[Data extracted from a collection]
--- START ---

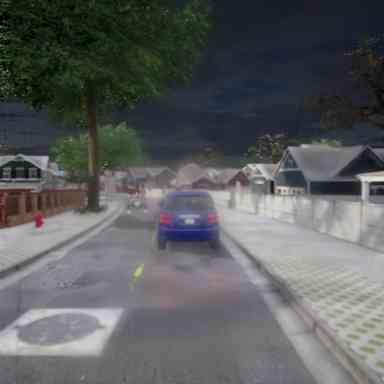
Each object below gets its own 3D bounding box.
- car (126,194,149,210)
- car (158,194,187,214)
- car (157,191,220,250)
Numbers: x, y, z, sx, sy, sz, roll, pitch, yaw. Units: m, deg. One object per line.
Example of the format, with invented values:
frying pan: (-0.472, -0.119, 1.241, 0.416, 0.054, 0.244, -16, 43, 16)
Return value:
car: (-5.307, 0.919, 32.394, 2.128, 1.511, 4.902, 0, 1, -10)
car: (-1.783, 0.974, 28.677, 2.128, 1.511, 4.902, 0, 1, -8)
car: (-0.207, 0.979, 13.340, 2.150, 2.045, 5.566, 0, 1, -3)
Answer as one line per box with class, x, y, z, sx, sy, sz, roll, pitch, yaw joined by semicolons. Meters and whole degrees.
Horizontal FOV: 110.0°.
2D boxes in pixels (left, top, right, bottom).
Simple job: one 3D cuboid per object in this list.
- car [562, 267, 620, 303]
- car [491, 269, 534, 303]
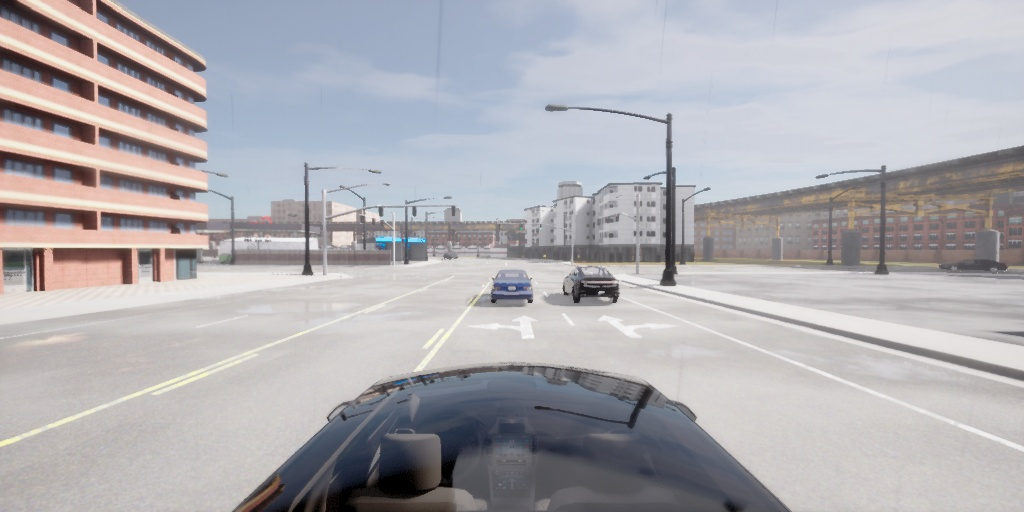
car;3.500;1.237;16.501;2.128;1.511;4.902;0;0;0
car;0.000;1.305;16.502;2.033;1.411;5.357;0;0;0
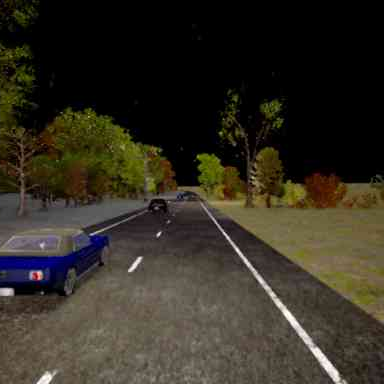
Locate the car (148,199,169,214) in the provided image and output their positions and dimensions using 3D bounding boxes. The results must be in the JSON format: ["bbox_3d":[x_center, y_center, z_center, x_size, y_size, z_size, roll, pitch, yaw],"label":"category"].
[{"bbox_3d":[-3.500,1.448,35.457,1.882,1.535,5.008,0,0,0],"label":"car"}]

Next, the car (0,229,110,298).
[{"bbox_3d":[-3.500,1.596,8.483,1.895,1.301,4.718,0,0,0],"label":"car"}]

--- END ---

> **EXERCISE**
Nothing but the lines from the one holding "- car (158,194,187,214)" through the final line of the records above belongs in the answer, each retyped exactly; omit the pictures.

> **EXERCISE SOLUTION**
- car (158,194,187,214)
- car (157,191,220,250)
Numbers: x, y, z, sx, sy, sz, roll, pitch, yaw. Units: m, deg. One object per line.
Example of the format, with invented values:
frying pan: (-0.472, -0.119, 1.241, 0.416, 0.054, 0.244, -16, 43, 16)
Return value:
car: (-5.307, 0.919, 32.394, 2.128, 1.511, 4.902, 0, 1, -10)
car: (-1.783, 0.974, 28.677, 2.128, 1.511, 4.902, 0, 1, -8)
car: (-0.207, 0.979, 13.340, 2.150, 2.045, 5.566, 0, 1, -3)
Answer as one line per box with class, x, y, z, sx, sy, sz, roll, pitch, yaw joined by semicolons. Meters and whole degrees.
Horizontal FOV: 110.0°.
2D boxes in pixels (left, top, right, bottom).
Simple job: one 3D cuboid per object in this list.
- car [562, 267, 620, 303]
- car [491, 269, 534, 303]
car;3.500;1.237;16.501;2.128;1.511;4.902;0;0;0
car;0.000;1.305;16.502;2.033;1.411;5.357;0;0;0
Locate the car (148,199,169,214) in the provided image and output their positions and dimensions using 3D bounding boxes. The results must be in the JSON format: ["bbox_3d":[x_center, y_center, z_center, x_size, y_size, z_size, roll, pitch, yaw],"label":"category"].
[{"bbox_3d":[-3.500,1.448,35.457,1.882,1.535,5.008,0,0,0],"label":"car"}]

Next, the car (0,229,110,298).
[{"bbox_3d":[-3.500,1.596,8.483,1.895,1.301,4.718,0,0,0],"label":"car"}]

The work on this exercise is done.